These and other objects and advantages are achieved, in the preferred embodiment of the present invention, in an apparatus having a substantially planar member adapted to confine a work object relative therein, a second member adapted to retain the second member in substantially fixed relation in the predefined area; and a fastener for interlocking the planar member and the second member.

BRIEF DESCRIPTION OF THE DRAWINGS

FIG. 1 is a perspective view showing the mounting apparatus of the present invention installed in a typical operative environment in a golf bag.

FIG. 2 is a somewhat enlarged, fragmentary, longitudinal section taken on line 2--2 in FIG. 1.

FIG. 3 is a fragmentary, perspective exploded view of the mounting apparatus disposed in a relationship such as conveniently to illustrate the method by which the apparatus is assembled.

FIG. 4 is a somewhat enlarged, bottom plan view of the upper plate of the mounting apparatus taken on line 4--4 in FIG. 3.

DESCRIPTION OF THE PREFERRED EMBODIMENT

Referring more particularly to the drawings the mounting apparatus of the present invention is generally indicated by the numeral 10 in FIG. 1. As shown in FIG. 1, the mounting apparatus is employed in a typical operative environment in position in a conventional golf bag 11. The golf bag has a base end portion 12 and an opposite upper end portion 13. The golf bag has a cylindrical side wall 14 having an exterior surface 15 and an interior surface 16. A strap 17 is mounted on the cylindrical side wall.
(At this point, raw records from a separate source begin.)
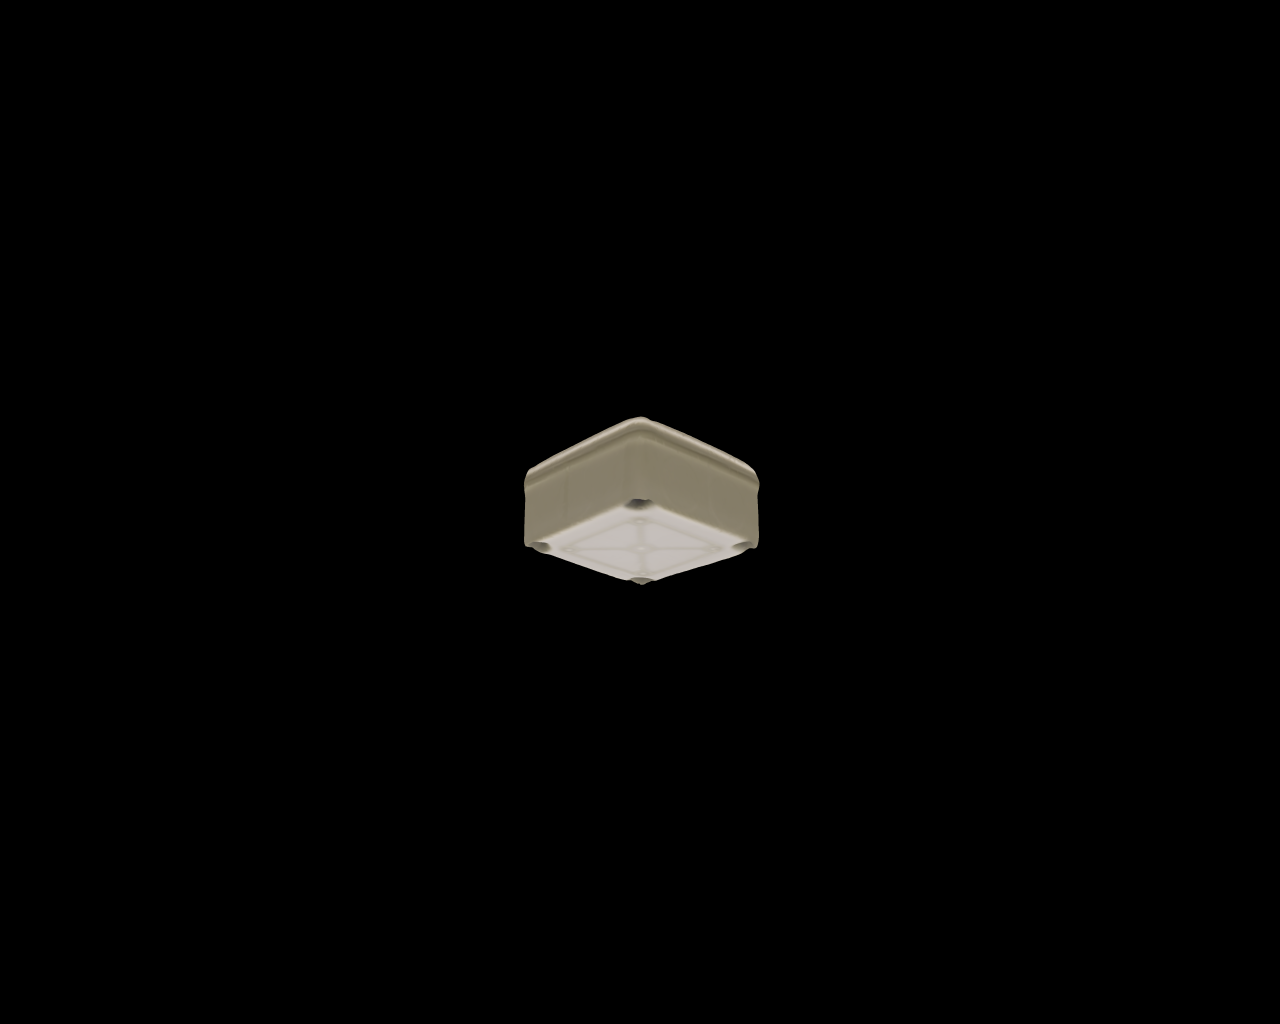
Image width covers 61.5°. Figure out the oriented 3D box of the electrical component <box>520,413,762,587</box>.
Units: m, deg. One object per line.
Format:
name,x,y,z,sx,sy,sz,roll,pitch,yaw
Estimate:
electrical component,0.001,-0.003,0.650,0.109,0.056,0.108,21,-31,-40
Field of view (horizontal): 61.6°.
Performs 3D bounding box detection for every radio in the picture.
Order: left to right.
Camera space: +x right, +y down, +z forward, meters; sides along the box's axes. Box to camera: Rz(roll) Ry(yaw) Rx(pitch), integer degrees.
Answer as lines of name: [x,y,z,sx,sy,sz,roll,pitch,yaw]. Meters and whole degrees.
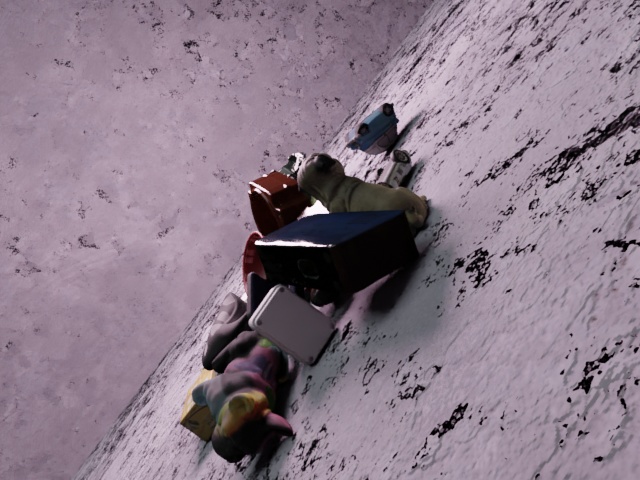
radio: [0.014,0.013,0.774,0.131,0.073,0.230,-28,16,-33]

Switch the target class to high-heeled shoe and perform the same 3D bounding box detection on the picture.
high-heeled shoe: [-0.183,0.181,1.052,0.145,0.086,0.249,-53,8,-15]

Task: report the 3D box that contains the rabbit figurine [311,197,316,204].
rabbit figurine: [-0.003,-0.085,1.343,0.121,0.159,0.170,-106,39,-66]

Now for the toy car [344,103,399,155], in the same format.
toy car: [0.146,-0.273,1.381,0.161,0.103,0.109,-46,9,-27]

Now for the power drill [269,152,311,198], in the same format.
power drill: [-0.046,-0.113,1.432,0.232,0.207,0.086,-42,28,-4]

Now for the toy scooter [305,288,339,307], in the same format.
toy scooter: [0.021,0.042,0.953,0.184,0.075,0.135,-61,10,-25]

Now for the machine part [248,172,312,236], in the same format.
machine part: [-0.087,-0.046,1.259,0.087,0.201,0.201,-23,28,-21]

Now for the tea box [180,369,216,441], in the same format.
tea box: [-0.221,0.316,1.085,0.098,0.068,0.170,-51,9,1]

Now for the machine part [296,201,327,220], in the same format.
machine part: [-0.002,-0.003,1.083,0.179,0.056,0.179,-33,39,32]

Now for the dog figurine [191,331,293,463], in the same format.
dog figurine: [-0.095,0.219,0.779,0.191,0.108,0.219,-53,14,-22]

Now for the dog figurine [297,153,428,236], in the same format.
dog figurine: [0.059,-0.070,0.836,0.121,0.190,0.172,-58,13,-27]

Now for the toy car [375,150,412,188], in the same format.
toy car: [0.128,-0.102,1.024,0.073,0.056,0.202,-51,7,45]

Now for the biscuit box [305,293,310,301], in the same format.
biscuit box: [-0.075,0.151,1.026,0.059,0.063,0.203,-45,12,40]

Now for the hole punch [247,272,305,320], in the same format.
hole punch: [-0.058,0.106,0.933,0.092,0.115,0.142,-27,45,18]

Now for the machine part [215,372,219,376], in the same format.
machine part: [-0.156,0.252,0.994,0.079,0.079,0.243,-53,11,-2]
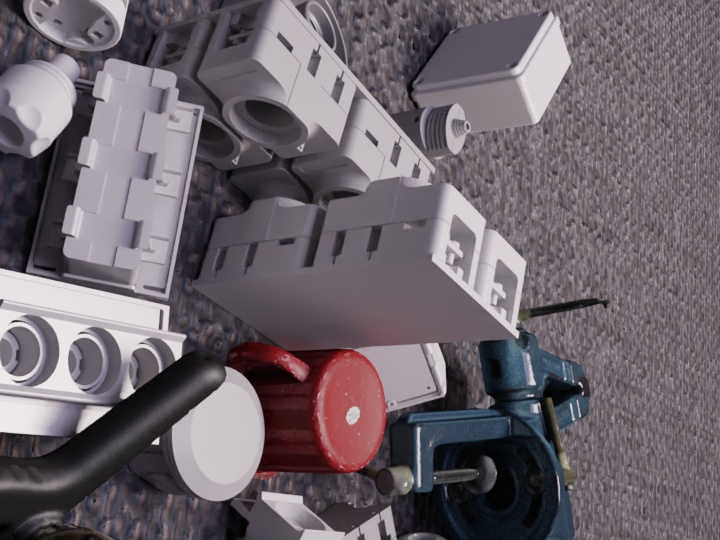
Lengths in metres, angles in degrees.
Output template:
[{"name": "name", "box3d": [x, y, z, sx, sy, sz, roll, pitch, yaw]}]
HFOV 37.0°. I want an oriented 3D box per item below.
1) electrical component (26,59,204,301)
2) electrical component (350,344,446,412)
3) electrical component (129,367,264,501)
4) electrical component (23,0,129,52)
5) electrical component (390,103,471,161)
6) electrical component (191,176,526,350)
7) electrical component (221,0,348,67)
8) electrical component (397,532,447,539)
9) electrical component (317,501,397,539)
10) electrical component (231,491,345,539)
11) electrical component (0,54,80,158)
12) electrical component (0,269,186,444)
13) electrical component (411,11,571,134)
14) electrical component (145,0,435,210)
[{"name": "electrical component", "box3d": [-0.136, -0.051, 0.609, 0.079, 0.063, 0.121, 11, 71, -12]}, {"name": "electrical component", "box3d": [0.010, 0.066, 0.793, 0.061, 0.096, 0.061, -81, 152, -68]}, {"name": "electrical component", "box3d": [-0.100, 0.100, 0.658, 0.080, 0.051, 0.080, 11, 76, -53]}, {"name": "electrical component", "box3d": [-0.158, -0.161, 0.614, 0.055, 0.055, 0.047, 38, 52, -45]}, {"name": "electrical component", "box3d": [0.053, -0.110, 0.876, 0.043, 0.081, 0.043, 11, 76, -53]}, {"name": "electrical component", "box3d": [0.000, 0.000, 0.695, 0.105, 0.186, 0.060, 40, 55, -44]}, {"name": "electrical component", "box3d": [-0.054, -0.162, 0.770, 0.099, 0.064, 0.099, 42, 39, -47]}, {"name": "electrical component", "box3d": [0.049, 0.242, 0.852, 0.048, 0.048, 0.062, -11, 103, -54]}, {"name": "electrical component", "box3d": [-0.016, 0.207, 0.760, 0.089, 0.050, 0.055, -18, 99, -54]}, {"name": "electrical component", "box3d": [-0.051, 0.184, 0.696, 0.042, 0.081, 0.063, 20, 98, -50]}, {"name": "electrical component", "box3d": [-0.176, -0.094, 0.587, 0.043, 0.043, 0.062, 58, 41, -31]}, {"name": "electrical component", "box3d": [-0.160, 0.049, 0.572, 0.121, 0.063, 0.078, 18, 71, -52]}, {"name": "electrical component", "box3d": [0.117, -0.172, 0.951, 0.108, 0.109, 0.056, -57, 132, -41]}, {"name": "electrical component", "box3d": [-0.046, -0.088, 0.713, 0.186, 0.105, 0.060, 43, 52, -42]}]
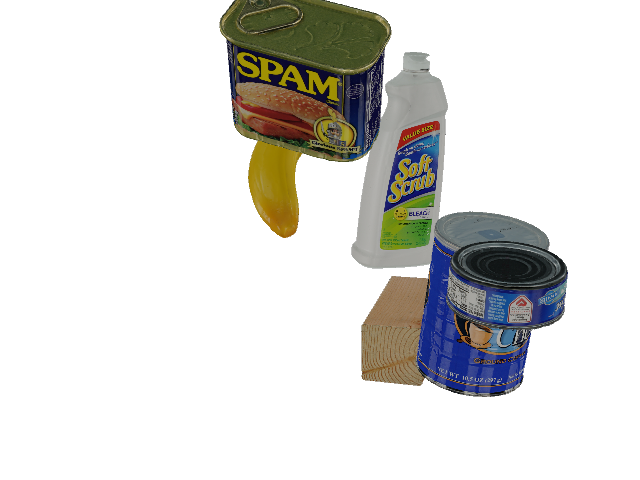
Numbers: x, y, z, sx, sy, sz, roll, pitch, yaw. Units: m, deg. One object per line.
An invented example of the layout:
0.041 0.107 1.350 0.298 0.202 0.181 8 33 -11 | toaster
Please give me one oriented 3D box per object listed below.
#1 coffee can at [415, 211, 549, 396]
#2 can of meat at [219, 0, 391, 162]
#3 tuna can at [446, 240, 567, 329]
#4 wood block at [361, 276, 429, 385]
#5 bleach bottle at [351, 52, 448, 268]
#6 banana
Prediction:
0.146 0.057 0.979 0.103 0.140 0.103 5 23 -2 | coffee can
-0.010 -0.102 0.675 0.102 0.057 0.084 18 -38 14 | can of meat
0.135 0.031 0.773 0.086 0.034 0.086 1 23 -1 | tuna can
0.128 0.131 1.600 0.091 0.090 0.205 4 19 15 | wood block
0.096 -0.095 1.264 0.102 0.251 0.068 -3 19 -18 | bleach bottle
-0.022 -0.069 0.874 0.070 0.037 0.197 14 37 14 | banana
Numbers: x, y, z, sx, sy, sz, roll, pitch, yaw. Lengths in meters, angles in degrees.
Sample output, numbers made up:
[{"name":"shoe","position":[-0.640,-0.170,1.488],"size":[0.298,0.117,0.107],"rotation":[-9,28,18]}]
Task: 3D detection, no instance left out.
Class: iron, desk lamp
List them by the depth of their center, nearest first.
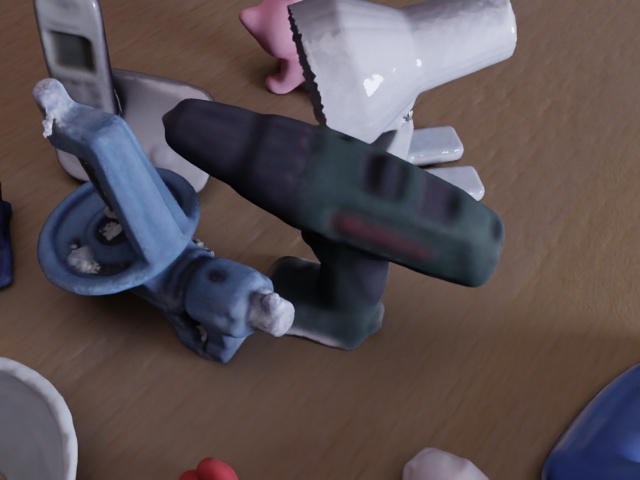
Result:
[{"name":"iron","position":[0.278,0.137,0.419],"size":[0.118,0.141,0.259],"rotation":[42,62,17]},{"name":"desk lamp","position":[0.068,-0.120,0.504],"size":[0.203,0.213,0.118],"rotation":[-10,60,-14]}]

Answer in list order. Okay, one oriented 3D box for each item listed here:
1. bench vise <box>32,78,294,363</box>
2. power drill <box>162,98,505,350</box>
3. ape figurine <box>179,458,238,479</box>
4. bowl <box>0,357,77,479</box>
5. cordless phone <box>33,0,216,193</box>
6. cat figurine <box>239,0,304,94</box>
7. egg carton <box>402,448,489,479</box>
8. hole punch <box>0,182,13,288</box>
[{"name":"bench vise","position":[-0.110,-0.012,0.409],"size":[0.207,0.220,0.121],"rotation":[12,58,0]},{"name":"power drill","position":[0.004,0.002,0.423],"size":[0.229,0.208,0.075],"rotation":[14,58,1]},{"name":"ape figurine","position":[-0.081,0.182,0.369],"size":[0.078,0.092,0.076],"rotation":[-33,68,-24]},{"name":"bowl","position":[-0.236,0.163,0.369],"size":[0.167,0.075,0.167],"rotation":[4,58,-6]},{"name":"cordless phone","position":[-0.163,-0.126,0.492],"size":[0.147,0.185,0.094],"rotation":[7,58,-3]},{"name":"cat figurine","position":[-0.018,-0.209,0.603],"size":[0.127,0.118,0.067],"rotation":[19,58,4]},{"name":"egg carton","position":[0.101,0.221,0.384],"size":[0.150,0.069,0.107],"rotation":[41,62,17]},{"name":"hole punch","position":[-0.313,-0.013,0.456],"size":[0.109,0.091,0.101],"rotation":[-11,61,-14]}]
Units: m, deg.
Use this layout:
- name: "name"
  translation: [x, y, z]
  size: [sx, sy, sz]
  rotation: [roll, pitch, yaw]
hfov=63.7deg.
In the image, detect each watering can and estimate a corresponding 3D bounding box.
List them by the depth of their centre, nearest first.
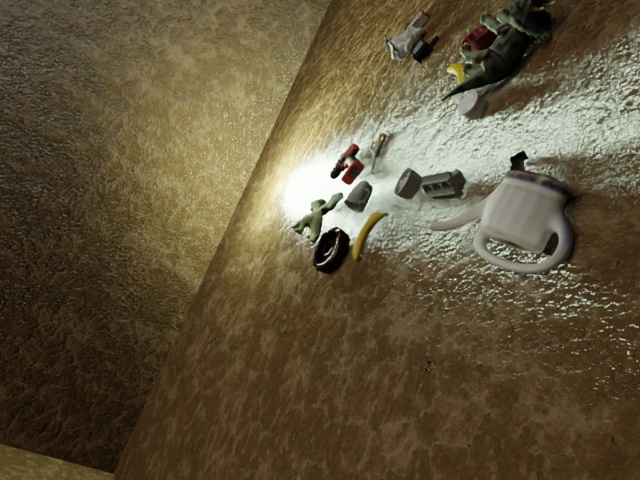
- name: "watering can"
  translation: [0.408, -0.058, 1.154]
  size: [0.351, 0.103, 0.224]
  rotation: [28, 90, 49]

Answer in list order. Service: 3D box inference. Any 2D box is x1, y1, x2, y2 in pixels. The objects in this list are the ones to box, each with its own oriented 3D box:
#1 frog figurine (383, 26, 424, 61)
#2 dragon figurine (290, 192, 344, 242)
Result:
- name: "frog figurine"
  translation: [0.368, -0.842, 2.199]
  size: [0.159, 0.121, 0.139]
  rotation: [-21, 21, 3]
- name: "dragon figurine"
  translation: [0.006, -0.104, 2.058]
  size: [0.243, 0.121, 0.412]
  rotation: [-51, 16, -3]
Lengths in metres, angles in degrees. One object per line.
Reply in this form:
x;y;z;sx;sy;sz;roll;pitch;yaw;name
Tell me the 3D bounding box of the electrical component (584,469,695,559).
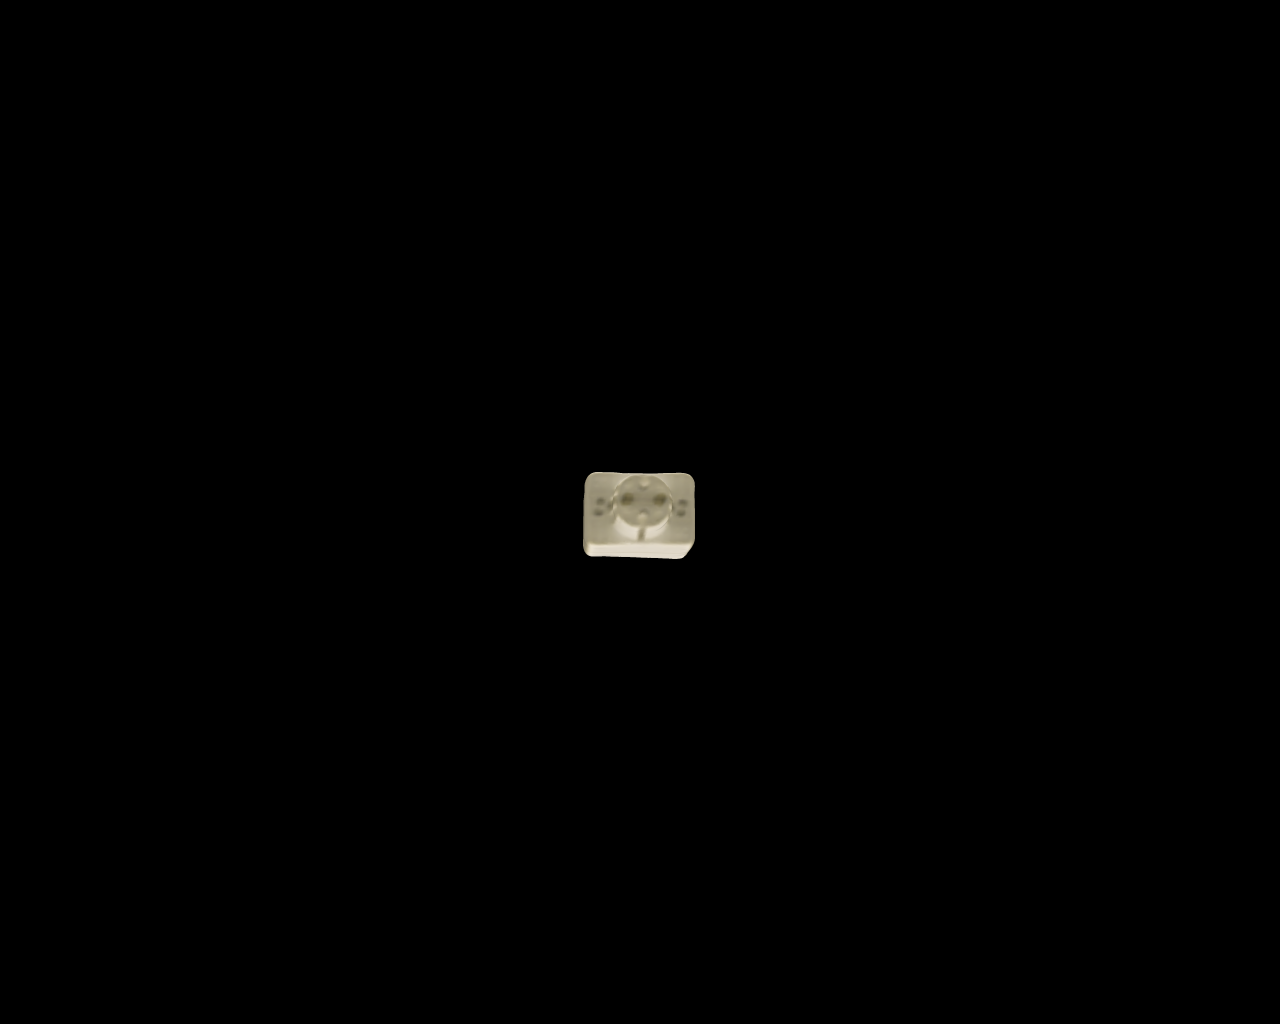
0.001;-0.003;0.650;0.066;0.047;0.076;1;-15;-5;electrical component
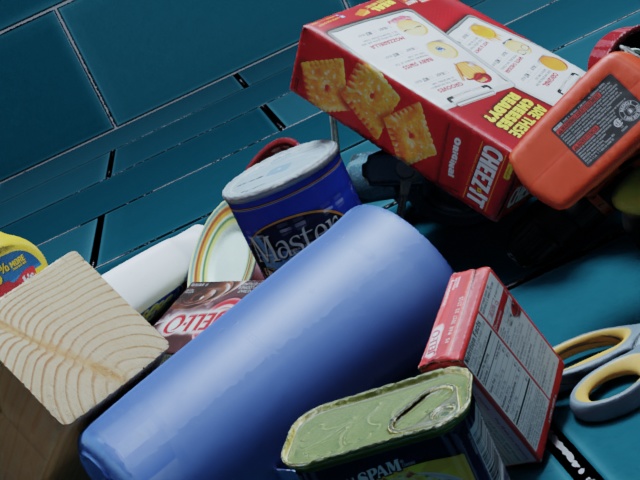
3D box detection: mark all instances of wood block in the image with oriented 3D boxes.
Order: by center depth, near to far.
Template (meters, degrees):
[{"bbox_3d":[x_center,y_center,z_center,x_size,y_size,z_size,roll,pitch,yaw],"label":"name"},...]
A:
[{"bbox_3d":[-0.187,0.114,0.719,0.090,0.091,0.206,-38,-12,-40],"label":"wood block"}]

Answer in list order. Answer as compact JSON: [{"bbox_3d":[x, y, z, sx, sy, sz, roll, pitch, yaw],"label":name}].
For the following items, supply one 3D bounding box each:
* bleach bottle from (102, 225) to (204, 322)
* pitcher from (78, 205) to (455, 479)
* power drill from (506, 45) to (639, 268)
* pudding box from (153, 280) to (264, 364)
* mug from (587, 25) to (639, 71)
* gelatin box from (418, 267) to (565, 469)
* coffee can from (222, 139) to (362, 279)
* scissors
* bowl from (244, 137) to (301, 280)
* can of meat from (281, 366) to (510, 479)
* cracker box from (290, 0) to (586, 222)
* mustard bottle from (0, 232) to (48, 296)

The golf bag has a bottom cap portion 18 fitted over the base end portion 12 of the cylindrical side wall. The bottom cap portion has an interior surface 19. The golf bag has an upper annular cap portion 20, shown best in FIG. 2 which is fitted over the upper end portion 13 of the cylindrical side wall 14. The upper annular cap portion has a throat or interior surface 21 which is substantially cylindrical. In the conventional fashion, the upper annular cap portion is constructed of a substantially rigid material such as plastic. The golf bag has an interior 22.

As shown in FIGS. 1 and 2, a golf club 30 is positioned in a typical attitude in the golf bag 11 mounting the mounting apparatus 10. The golf club has a shaft 31, a head 32 and a grip 33. The grip has an end portion 34. As shown best in FIGS. 2 and 3, a conventional golf club tube 35 is mounted in position in the mounting apparatus of the present invention, as will hereinafter be described in greater detail. The golf club tube has a cylindrical side wall 36 having a lower end portion 37 and an upper end portion 38. The golf club tube, in the conventional manner, is constructed of a rigid plastic material and the upper end portion 38 of the golf club tube is rolled outwardly to form a rolled lip 39.

The mounting apparatus 10 includes two main operative portions, those being a first or lower plate 50 and a second or upper plate 51. The plates are preferably constructed of a rigid plastic material and are of substantially planar construction having an over all disc like configuration.

The lower plate 50 has a lower surface 55 and an opposite upper surface 56. The lower plate has a substantially circular peripheral edge 57. A plurality of circular holes 58 are extended through the lower plate each defined by a circular annulus 59 bounding the hole. The diameter of each annulus 59 is slightly greater than the diameter of the side wall 36 of each of the golf club tubes 35 so that each of the golf club tubes can slidably be extended through one of the circular holes. Four cylindrical projections 60 extend upwardly from the upper surface 56 of the lower plate a common predetermined distance, as can best be seen in FIG. 2. Each of the cylindrical projections has a fastening hole 61 extending from the lower surface 55 entirely through the cylindrical projection and out the terminal end portion thereof.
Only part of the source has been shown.